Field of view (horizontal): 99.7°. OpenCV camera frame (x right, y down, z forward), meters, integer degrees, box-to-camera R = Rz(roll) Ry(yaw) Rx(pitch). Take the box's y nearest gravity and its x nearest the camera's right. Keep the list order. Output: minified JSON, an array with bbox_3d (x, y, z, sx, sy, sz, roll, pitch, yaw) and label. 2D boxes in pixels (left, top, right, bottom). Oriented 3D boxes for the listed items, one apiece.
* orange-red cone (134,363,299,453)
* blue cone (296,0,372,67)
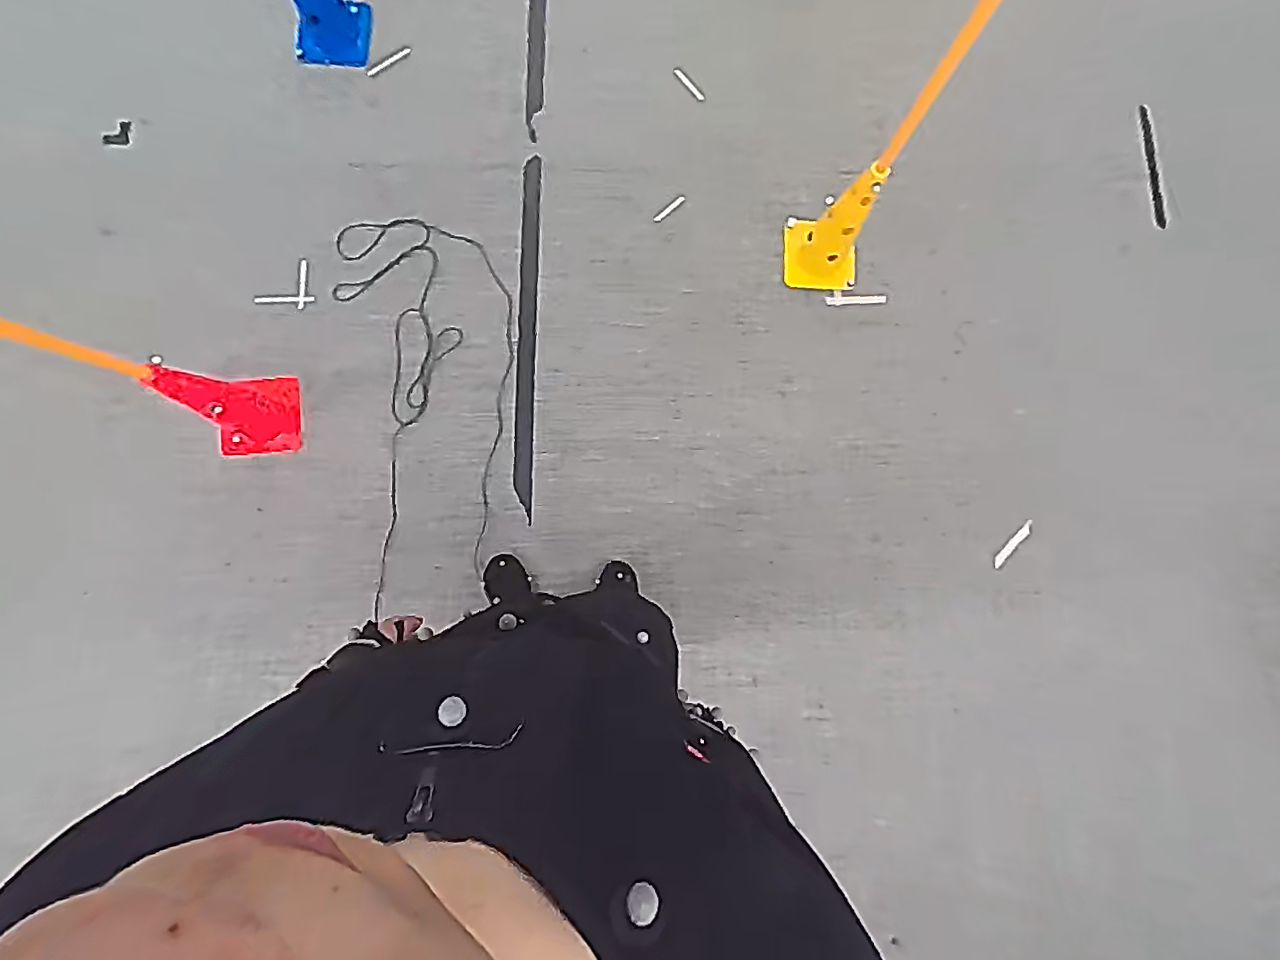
[{"bbox_3d":[-0.964,-0.190,1.213,0.199,0.360,0.198,-5,84,-5],"label":"orange-red cone"},{"bbox_3d":[-0.851,-1.284,1.370,0.193,0.380,0.192,3,83,-2],"label":"blue cone"}]

☆ ☆ ☆ ☆

**Assignment**:
Exactly reproduce the lines beginning at the one that contains "orange-red cone (134,363,299,453)" and ending at the final line of the material, with the pictures left out.

**Problem solution**:
* orange-red cone (134,363,299,453)
* blue cone (296,0,372,67)
[{"bbox_3d":[-0.964,-0.190,1.213,0.199,0.360,0.198,-5,84,-5],"label":"orange-red cone"},{"bbox_3d":[-0.851,-1.284,1.370,0.193,0.380,0.192,3,83,-2],"label":"blue cone"}]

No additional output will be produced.